For the perception of spatial location, the idea that the modality with higher-quality signals dominates bimodal perception has been directly confirmed by a demonstration that visual and auditory spatial signals are optimally combined by weighting them according to the spatial discriminability afforded by each modality (Alais & Burr, 2004). For perception of temporal location, however, there is evidence suggesting that auditory signals (relative to visual signals) are weighted more strongly than predicted by optimum signal combination (Burr et al., 2009). This may suggest that the auditory modality generally provides stronger input to the processing of temporal location.

For duration perception, our results suggest that the auditory modality dominates over the visual modality irrespective of their relative temporal discriminability. When we degraded auditory stimuli so that temporal discriminability was, on average, equalized for the auditory and visual modalities, the auditory modality still completely dominated duration perception in the sense that the perceived duration of the bimodal stimulus was equivalent to the perceived duration of the auditory stimulus. When we analyzed the results on the basis of individual differences in auditory temporal discriminability (relative to visual temporal discriminability), we confirmed that there was virtually no correlation between the degree of auditory dominance in bimodal duration perception and the degree of auditory superiority in temporal discriminability.

When visual and auditory stimuli are presented together, specific brain structures that mediate time perception in each modality may be activated, potentially including MT/V5 for the visual stimuli (Bueti, Bahrami, & Walsh, 2008; Bueti, Walsh, Frith, & Rees, 2008) and the right superior temporal gyrus for the auditory stimuli (Bueti, van Dongen, & Walsh, 2008). The fact that auditory signals dominate over visual signals even when the auditory signals are perceptually weaker, the visual signals are selectively attended, and auditory temporal discriminability is equivalent to visual temporal discriminability may suggest that visual duration mechanisms are automatically entrained by auditory duration mechanisms. This interpretation appears to be consistent with a finding that disruption of the auditory cortex with transcranial magnetic stimulation impairs time estimation for both auditory and visual stimuli (Kanai, Lloyd, Bueti, & Walsh, 2011).

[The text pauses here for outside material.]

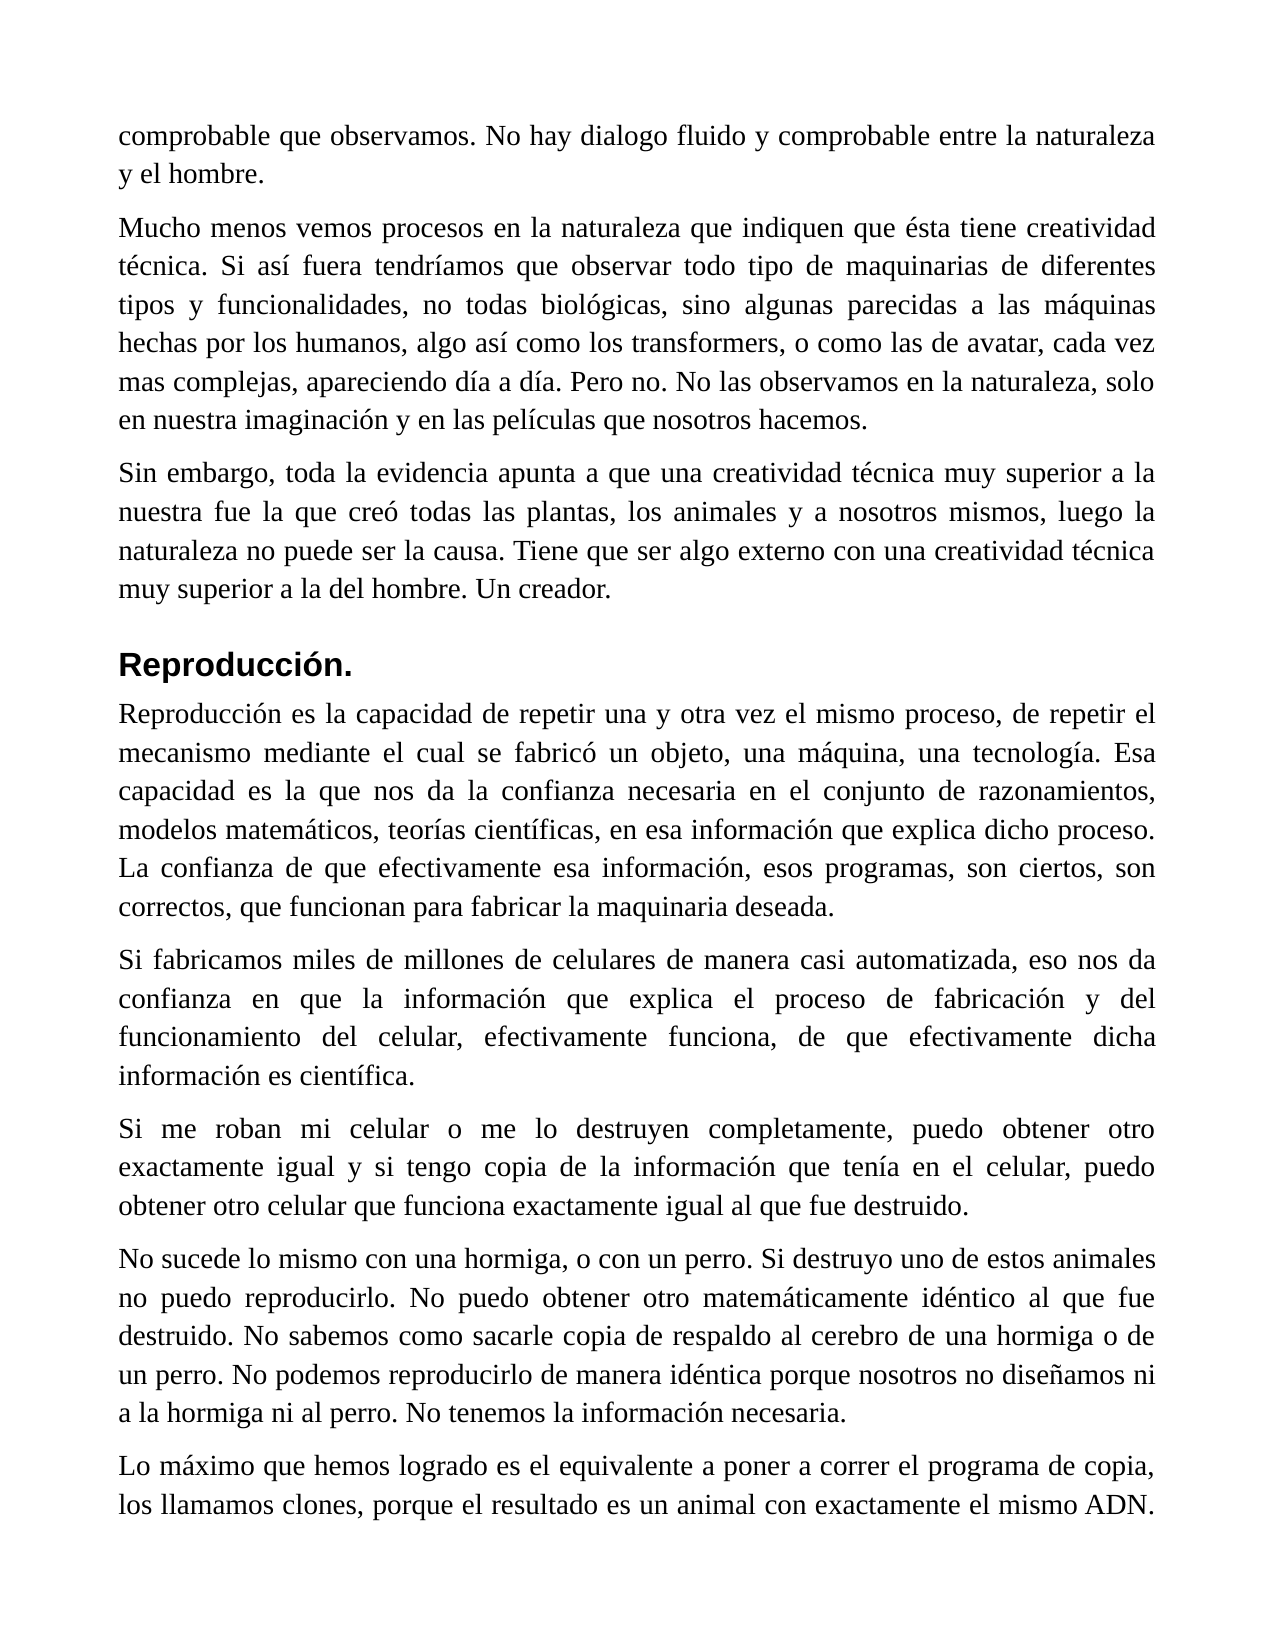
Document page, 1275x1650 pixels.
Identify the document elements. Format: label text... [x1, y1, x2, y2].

Note that we examined a simple form of time perception where participants estimated the duration of a single auditory–visual event. There is some evidence suggesting that auditory dominance over vision in bimodal time perception may be diminished or reversed in a more complex situation where multiple bimodal stimuli are sequentially presented and the perceived duration of each stimulus depends critically on the dynamics of changes in auditory and visual features (e.g., van Wassenhove, Bunomano, Shimojo, & Shams, 2008).

In summary, we have provided evidence suggesting that auditory processing dominates over visual processing in the perception of simple durations up to about a second even when the visual component is clearly more salient, the visual component is selectively attended, and visual temporal discriminability is no worse than auditory temporal discriminability.